[FEATURE] An integrated solution for pulsar Schema and Flink
See original GitHub issueIs your feature request related to a problem? Please describe. Since the Pulsar connector did not adhere to the Flink format standard, this resulted in the maintenance of schema conversions, data structure conversions, etc. This part of the code was very difficult for me to maintain, and it was difficult for new people to participate in this part of the work. The FlinkPulsarRowSink and FlinkPulsarRowSource feature implementations.
Another important reason is due to the lack of Sink for Format, which may affect the progress of the merge back into the community.

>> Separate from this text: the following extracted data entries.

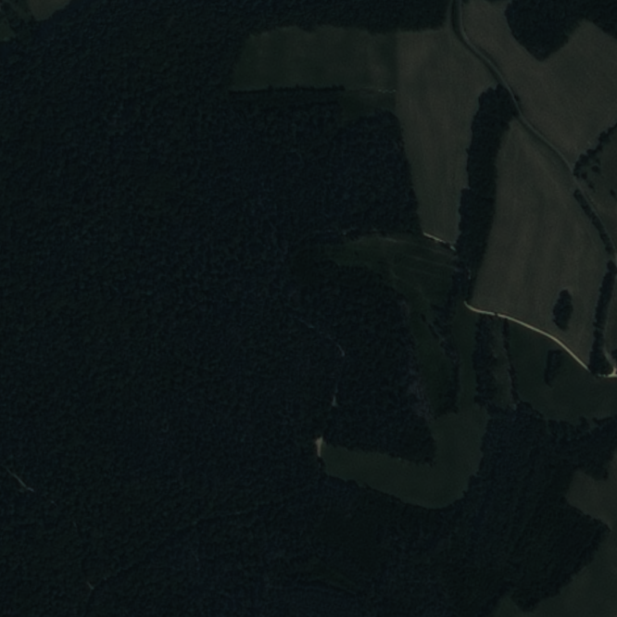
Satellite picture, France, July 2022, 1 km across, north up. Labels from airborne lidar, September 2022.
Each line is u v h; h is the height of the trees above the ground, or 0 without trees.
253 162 23
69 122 21
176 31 20
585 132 0
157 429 19
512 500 16
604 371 16
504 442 17
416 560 18
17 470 13
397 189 26
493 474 21
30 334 14
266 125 12
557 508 5
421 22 21
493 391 18
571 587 0
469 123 0
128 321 18
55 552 19
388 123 23
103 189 16
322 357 17
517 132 0
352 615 26
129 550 17
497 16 0
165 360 11
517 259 0
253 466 21
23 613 19
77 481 17
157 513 19
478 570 7
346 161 31
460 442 0
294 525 13
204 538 20
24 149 19
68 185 25
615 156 0
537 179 0
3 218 24
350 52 0
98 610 17
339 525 8
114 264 20
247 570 25
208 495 17
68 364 13
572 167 0
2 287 20
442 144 0
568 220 0
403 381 14
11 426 14
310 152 26
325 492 21
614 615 0
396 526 9
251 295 25
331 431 16
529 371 0
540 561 6
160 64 18
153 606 24
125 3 19
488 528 24
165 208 20
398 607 22
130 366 18
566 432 19
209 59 16
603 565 0
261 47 0
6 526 20
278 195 24
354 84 0
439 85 0
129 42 21
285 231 20
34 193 27
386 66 0
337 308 18
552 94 0
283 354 15
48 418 14
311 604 26
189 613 19
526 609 17
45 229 21
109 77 19
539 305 0
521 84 0
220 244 24
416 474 0
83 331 19
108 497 17
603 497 0
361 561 7
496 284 0
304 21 14
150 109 25
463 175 0
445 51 0
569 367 0
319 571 7
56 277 18
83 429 18
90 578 15
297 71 0
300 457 20
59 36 23
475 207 20
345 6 22
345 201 27
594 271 0
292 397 20
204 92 24
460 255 16
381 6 20
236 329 20
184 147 21
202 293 7
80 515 21
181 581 20
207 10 28
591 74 0
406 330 28
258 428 18
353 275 12
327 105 23
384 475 0
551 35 27
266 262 25
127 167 22
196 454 20
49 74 26
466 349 0
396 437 21
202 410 21
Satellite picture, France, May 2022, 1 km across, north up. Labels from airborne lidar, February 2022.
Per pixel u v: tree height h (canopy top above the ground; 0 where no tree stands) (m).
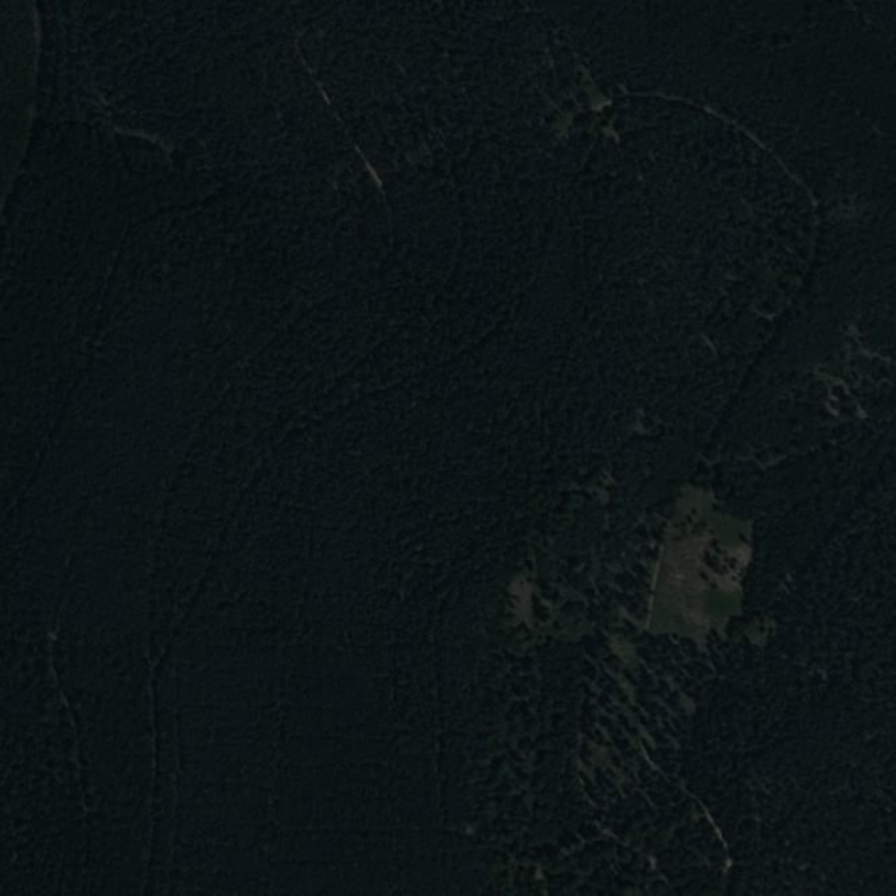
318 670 19
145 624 17
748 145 16
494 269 25
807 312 14
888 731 21
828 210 19
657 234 19
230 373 17
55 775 7
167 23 21
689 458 16
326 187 24
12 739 9
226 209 27
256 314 20
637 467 13
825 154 14
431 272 26
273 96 21
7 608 12
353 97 23
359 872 18
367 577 19
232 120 24
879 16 20
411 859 17
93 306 19
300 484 17
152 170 30
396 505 18
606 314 18
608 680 34
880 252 17
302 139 22
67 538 15
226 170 32
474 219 22
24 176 22
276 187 28
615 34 16
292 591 19
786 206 29
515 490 23
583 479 17
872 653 24
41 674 28
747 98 18
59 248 24
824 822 24
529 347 20
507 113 20
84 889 12
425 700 21
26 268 25
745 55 13
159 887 15
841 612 23
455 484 23
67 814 12
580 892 26
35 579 17
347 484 22
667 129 15
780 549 16
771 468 7
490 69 26
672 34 15
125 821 12
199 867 19
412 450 23
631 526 10
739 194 26
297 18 19
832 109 13
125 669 10
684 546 0
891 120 14
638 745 35
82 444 21
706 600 0
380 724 18
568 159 17
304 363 22
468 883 14
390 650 16
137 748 11
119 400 20
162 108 29
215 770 19
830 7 16
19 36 23
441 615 19
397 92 25
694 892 26
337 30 26
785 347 20
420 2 25
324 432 19
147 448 16
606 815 27
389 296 24
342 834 17
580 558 8
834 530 26
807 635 25
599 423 25
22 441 17
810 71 15
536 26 18
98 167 24
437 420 18
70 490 19
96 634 17
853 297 17
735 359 25
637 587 34
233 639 16
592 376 21
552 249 21
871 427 6
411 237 24
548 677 13
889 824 20
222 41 21
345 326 19
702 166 24
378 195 21
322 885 17
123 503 20
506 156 19
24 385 22
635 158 11
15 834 9
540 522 14
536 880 26
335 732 16
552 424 25
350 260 23
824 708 18
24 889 14
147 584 17
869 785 22
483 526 20
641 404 22
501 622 12
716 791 15
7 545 20
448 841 16
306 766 18
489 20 21
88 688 7
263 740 18
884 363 6
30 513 19
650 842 28
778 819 11
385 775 17
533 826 10
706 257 27
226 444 21
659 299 21
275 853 15
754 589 14
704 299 24
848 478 9
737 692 12
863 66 15
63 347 20
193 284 17
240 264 22
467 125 23
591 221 18
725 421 21
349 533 18
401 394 21
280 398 22
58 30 39
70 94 32
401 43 23
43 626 18
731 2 14
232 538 20
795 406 14
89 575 19
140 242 23
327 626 19
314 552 22
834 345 15
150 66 27
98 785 9
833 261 25
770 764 17
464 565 19
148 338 18
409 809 18
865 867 19
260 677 18
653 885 34
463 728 19
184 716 20
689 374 20
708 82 16
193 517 18
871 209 14
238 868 19
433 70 27
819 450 8
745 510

Describe the solution you’d like
- plan 2: Flink Avro, JSON Format are all standard formats that can be easily integrated with Pulsar. Let the user freely use Flink Avro, JSON, etc. format, and we generate Pulsar Schema information when the user uses Avro, JSON, etc.
When new serialization methods are supported in Pulsar, we can easily add or use the flink format.
Describe alternatives you’ve considered
- plan 1: Create a pulsar format and give the user the option to use it. We need to maintain the conversion relationship between Flink data types and Pulsar data types, which is not easy.
Additional context
Pulsar has its own Schema, which supports serialization, deserialization with POJO data. Flink also has a Format function that supports serialization and deserialization of data.
When using the Flink format, the data written to or read from Pulsar is bytes, we can use AutoProduceBytesSchema
to produce the message, which allows us to wrap the real Schema information in bytes and will check that the bytes data is properly scrubbed.
Issue Analytics
- State:
- Created 3 years ago
- Comments:7 (7 by maintainers)
Top GitHub Comments
Referring to the FLIP-107 and Kafka implementations, we will implement an adaptive serialization and deserialization interface, which will contain the serialization components for external inputs, Pulsar Schema generation. The responsibilities in the Sink interface will be further simplified and the redundant implementation classes will be removed.
The responsibilities of the components in the current Pulsar connector are not clear. So many implementations of FlinkPulsarRowSource, ReaderThread, RowReaderThread, PulsarFetcher, RowReaderThread, etc. The Flink Row type is enabled and replaced by the RowData type. The irrational implementation of the Pulsar serialization and deserialization functions is the cause of the confusion.
Final Solution: Wrap the Flink format instance as an implementation of the Pulsar Schema interface. This satisfies the Flink format specification and meets Pulsar’s expectations.